AI in processing trade documents – Anomaly Detection

In the era of big data, the Census and Statistics Department (C&SD) has leveraged artificial intelligence (AI) and data science to enhance operational efficiency and improve the quality of its statistical services. Processing around 70,000 import/export declarations daily for compiling external merchandise trade statistics, C&SD faces the complex task of verifying millions of commodity classifications and declared unit values, traditionally relying on extensive manual review of free-text descriptions.

Since 2018, C&SD has pioneered the use of AI models to analyse unstructured data. By employing deep learning algorithms trained on millions of labeled commodity descriptions, C&SD has utilised internal resources and expertise to develop an automated system for commodity coding and unit value anomaly detection. This innovative approach has significantly reduced manual checks and improved data quality. During the pandemic, the AI models ensured smooth routines despite severe manpower constraints, especially in the period when special work arrangements for government employees were implemented and a portion of staff had been arranged to work from home as far as possible.

By early 2024, C&SD had incorporated this technology into its workflows. As of now, this has achieved a remarkable reduction of over half in manpower for manual checking procedures. This efficiency gain enabled the reallocation of resources to establish two strategic branches: the Data Science Branch (1) and the Social Data Development Branch. This positions C&SD to strengthen its capabilities in analysing big data and capitalising on digital transformation opportunities, with a view to delivering more sophisticated statistical analyses and higher quality of statistical services across various domains.

Please watch the video (Cantonese only) below for details.

[Show the video contents]

Male Statistician:

The Census and Statistics Department (C&SD) handles over a million trade declarations every month to compile the "External Merchandise Trade Statistics".
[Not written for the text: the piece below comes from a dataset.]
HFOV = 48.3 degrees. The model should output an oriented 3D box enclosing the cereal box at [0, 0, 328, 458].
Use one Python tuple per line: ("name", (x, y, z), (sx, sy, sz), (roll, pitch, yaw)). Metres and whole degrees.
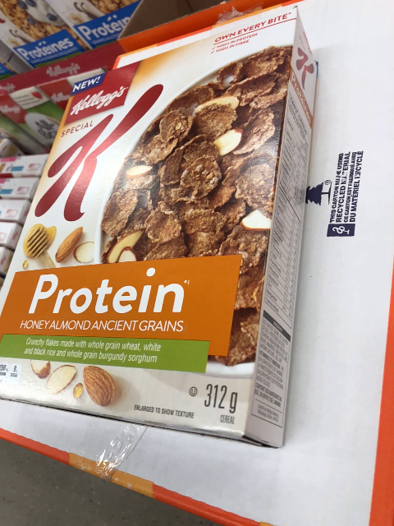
("cereal box", (-0.032, -0.036, 0.281), (0.201, 0.060, 0.260), (-4, 63, 32))

In the past, computer systems struggled to process textual data, and we were only able to manually validate a small portion of the trade declarations. This was really a significant challenge!

In recent years, we have developed two AI models using deep learning techniques to simulate the human brain's ability to recognise and analyse the information on trade declarations.
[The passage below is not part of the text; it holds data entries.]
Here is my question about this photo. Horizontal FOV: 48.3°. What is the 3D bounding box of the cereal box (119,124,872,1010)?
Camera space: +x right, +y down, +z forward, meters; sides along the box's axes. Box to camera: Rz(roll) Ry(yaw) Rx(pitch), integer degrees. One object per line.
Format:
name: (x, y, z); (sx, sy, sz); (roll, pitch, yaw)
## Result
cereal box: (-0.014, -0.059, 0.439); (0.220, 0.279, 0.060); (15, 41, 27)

We trained these AI models using millions of records with commodity descriptions, enabling them to automatically validate the textual description on every new trade declaration, verify the commodity codes, and calculate whether the values and quantities of the commodities are reasonable.

By early 2024, we had fully implemented these AI models to process trade declarations, achieving promising results! The AI models can now validate approximately three million trade declaration records in just two and a half hours, significantly improving the quantity of trade declarations being validated and also the quality of statistics, while reducing over 40% of the manpower involved.
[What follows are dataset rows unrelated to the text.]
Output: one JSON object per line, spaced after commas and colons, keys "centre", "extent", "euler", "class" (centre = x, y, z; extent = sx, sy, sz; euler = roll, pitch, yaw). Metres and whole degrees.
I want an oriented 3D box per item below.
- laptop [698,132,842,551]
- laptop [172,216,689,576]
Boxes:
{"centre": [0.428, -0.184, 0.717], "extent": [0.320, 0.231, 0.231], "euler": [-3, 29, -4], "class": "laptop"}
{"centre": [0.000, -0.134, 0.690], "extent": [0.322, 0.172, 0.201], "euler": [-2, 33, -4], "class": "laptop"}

With the resources saved, we have established two new branches, Data Science Branch and Social Data Development Branch, and expanded our big data team to focus on the promotion and training on big data applications.

Female Statistician:

Population Censuses, conducted every ten years, traditionally required the participation of the entire population, with 10% completing a long questionnaire and the remaining 90% answering a short one. Population By-censuses, conducted between two full censuses, require only 10% of the population to complete the long questionnaire. The short questionnaire asks for basic demographic information such as age, sex, and whether the respondent is a permanent resident. These data are used to calculate Hong Kong's population base.

After analysing the 2021 Census data, the department discovered that administrative records from the Immigration Department, such as birth, death, and movement records, could already accurately reflect the demographic structure, which fulfill the same purpose as the short questionnaire.

Starting from 2026, we will conduct a population census every five years, with the scale similar to population by-census, where only 10% of the population will be selected to answer the long questionnaire. Together with the use of administrative data to calculate the population base, we can achieve results as accurate as a full census.

Additionally, we are actively utilising administrative data from other departments with a view to trimming down the long questionnaire. For example, data on floor area can be provided by the Housing Department and the Rating and Valuation Department, and data on welfare subsidies can be obtained from the Social Welfare Department, etc . By matching these data with our census records, we can reduce the number of questions respondents need to answer, saving both costs and respondents’ time!

The department estimates that by leveraging administrative data and re-organising workflows, we can save 40% of the costs for the 2026 and 2031 censuses combined, amounting to approximately 680 million dollars!

Both Statisticians:

In the future, the C&SD will continue to explore the applications of new technologies, streamline workflows, and optimise manpower to provide higher-quality statistical services to the government and the public!